◆ Input records
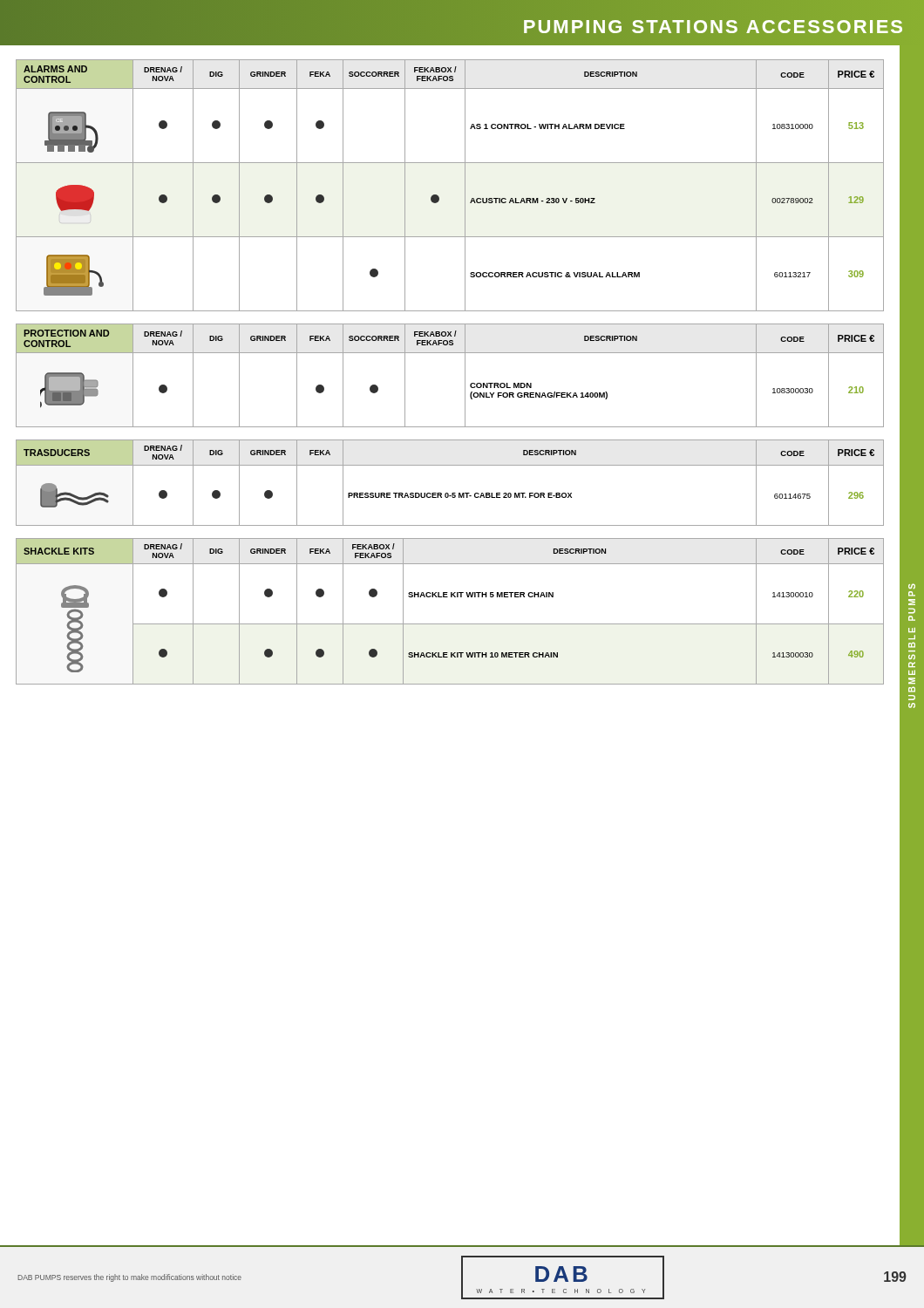Click on the table containing "SOCCORRER ACUSTIC & VISUAL"
The image size is (924, 1308).
click(x=450, y=185)
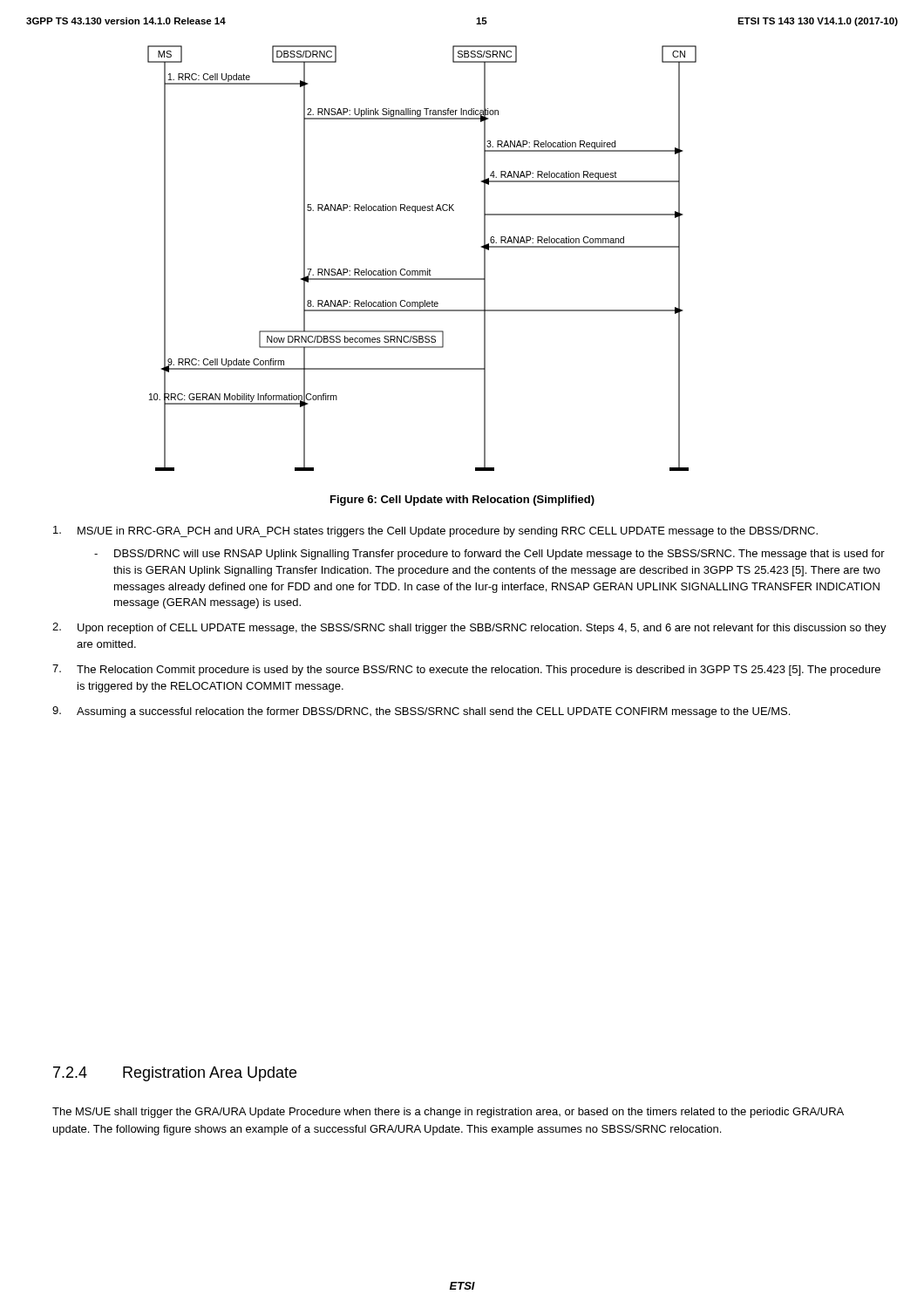
Task: Point to the block beginning "2. Upon reception of CELL"
Action: pyautogui.click(x=471, y=637)
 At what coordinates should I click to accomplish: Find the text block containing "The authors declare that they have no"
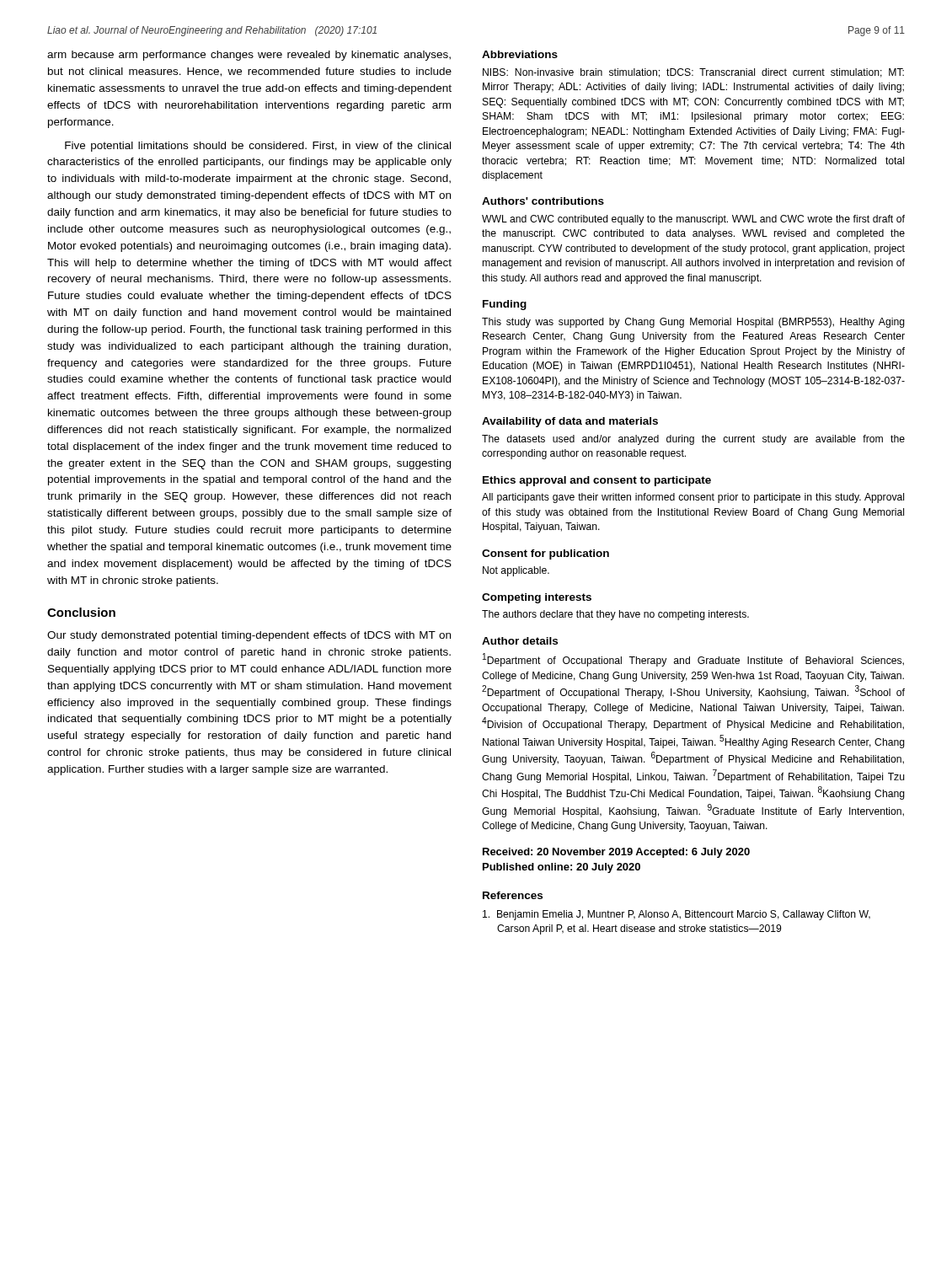coord(693,615)
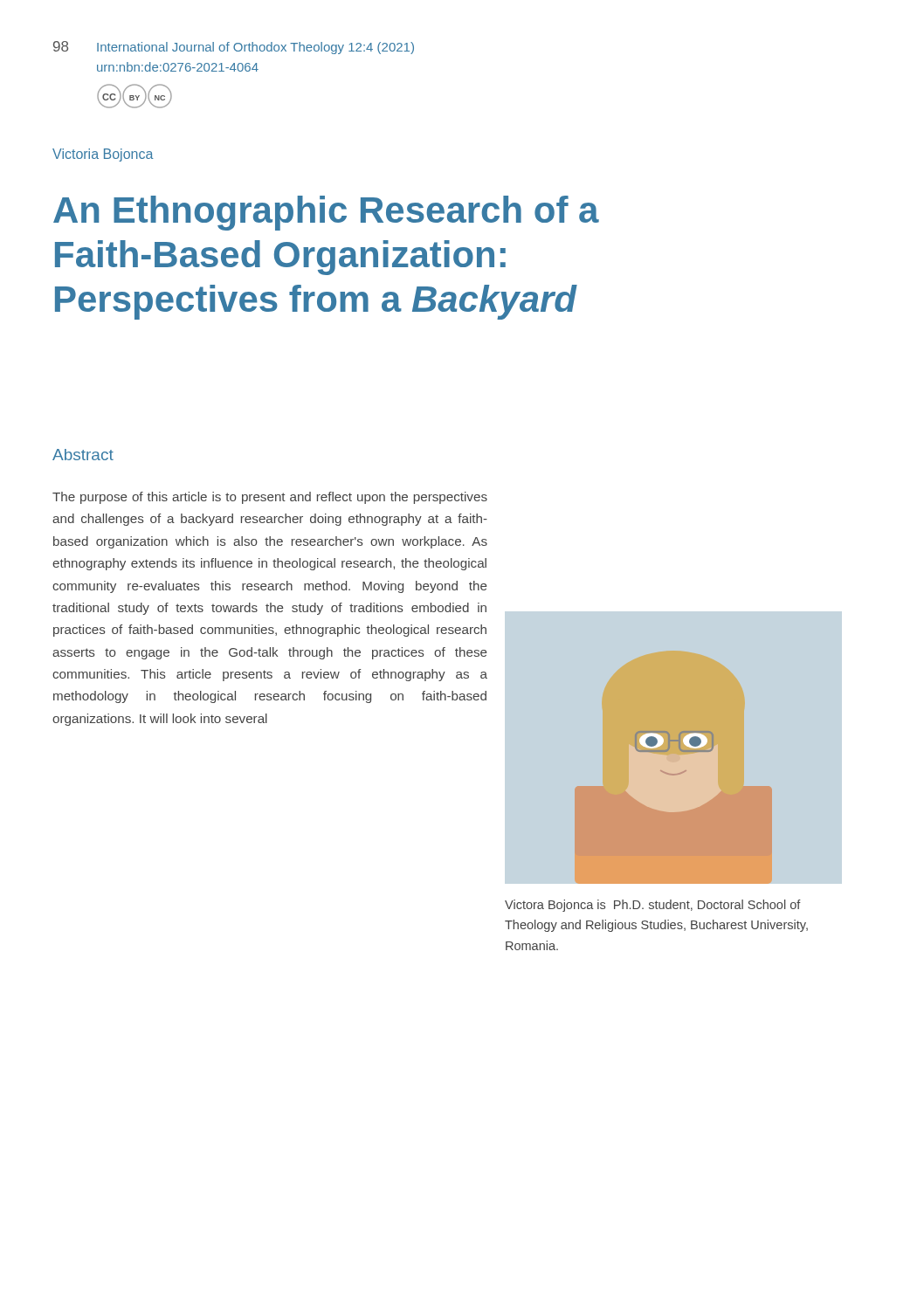Find the photo
Image resolution: width=924 pixels, height=1310 pixels.
(x=673, y=748)
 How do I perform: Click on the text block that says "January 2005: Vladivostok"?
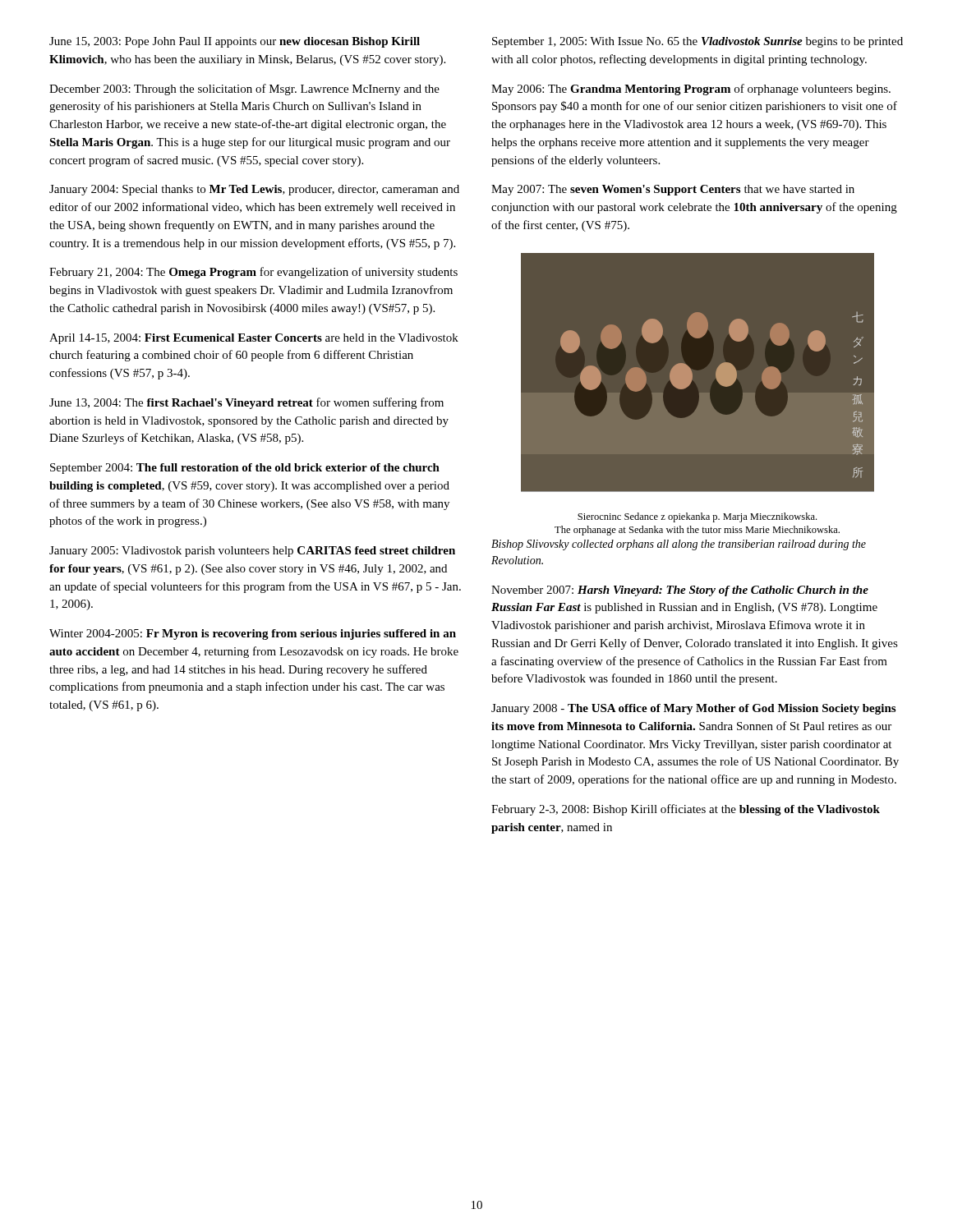[x=255, y=578]
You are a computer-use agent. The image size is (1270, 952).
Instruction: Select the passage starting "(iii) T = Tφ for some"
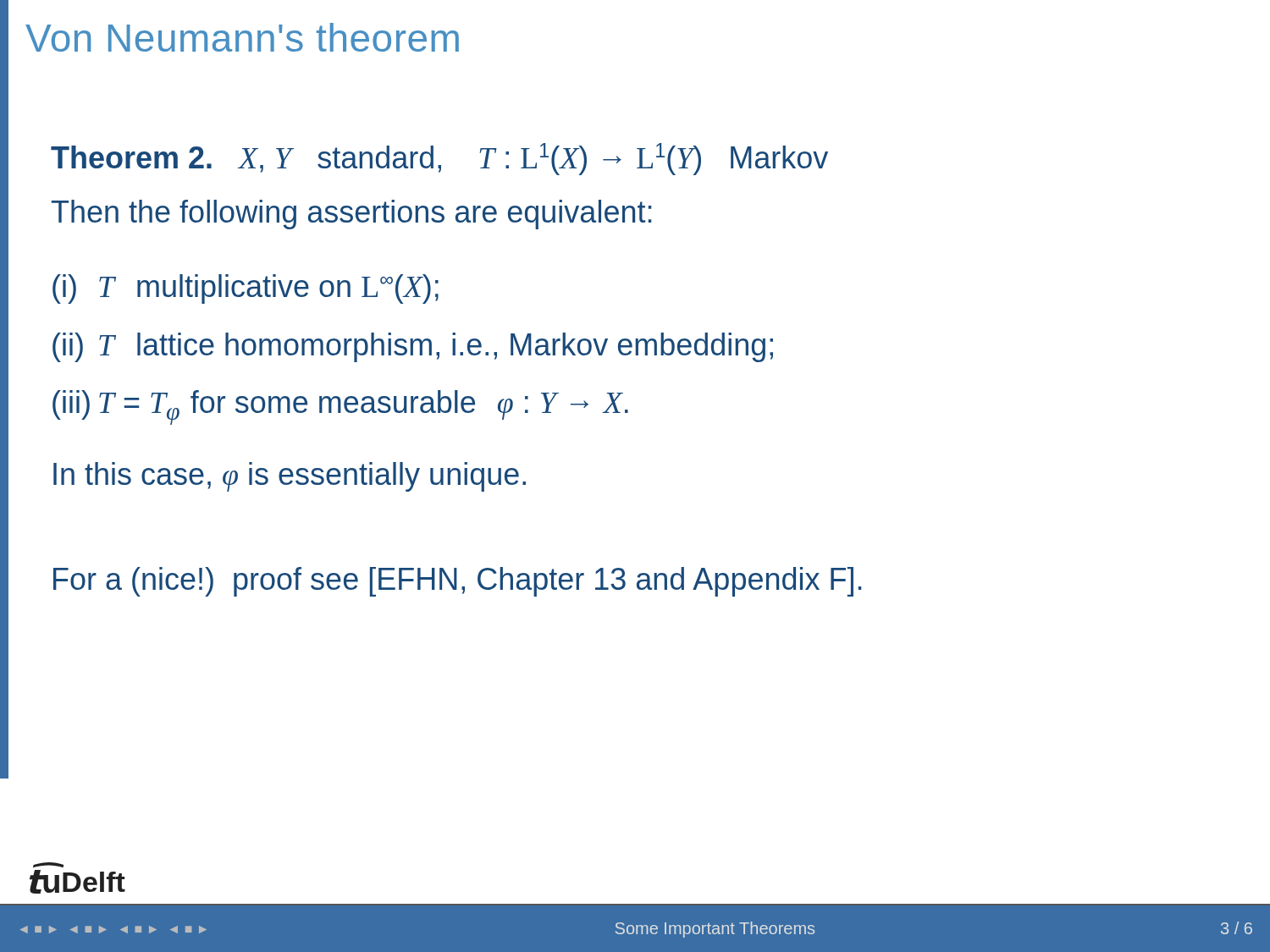(341, 405)

◆ The task
No pictures should appear in the answer, which is to be the lines from the line with "Instruction: Select the" through the end of the records above, restated exactly.

◆ Answer
Instruction: Select the passage starting "(iii) T = Tφ for some"
(341, 405)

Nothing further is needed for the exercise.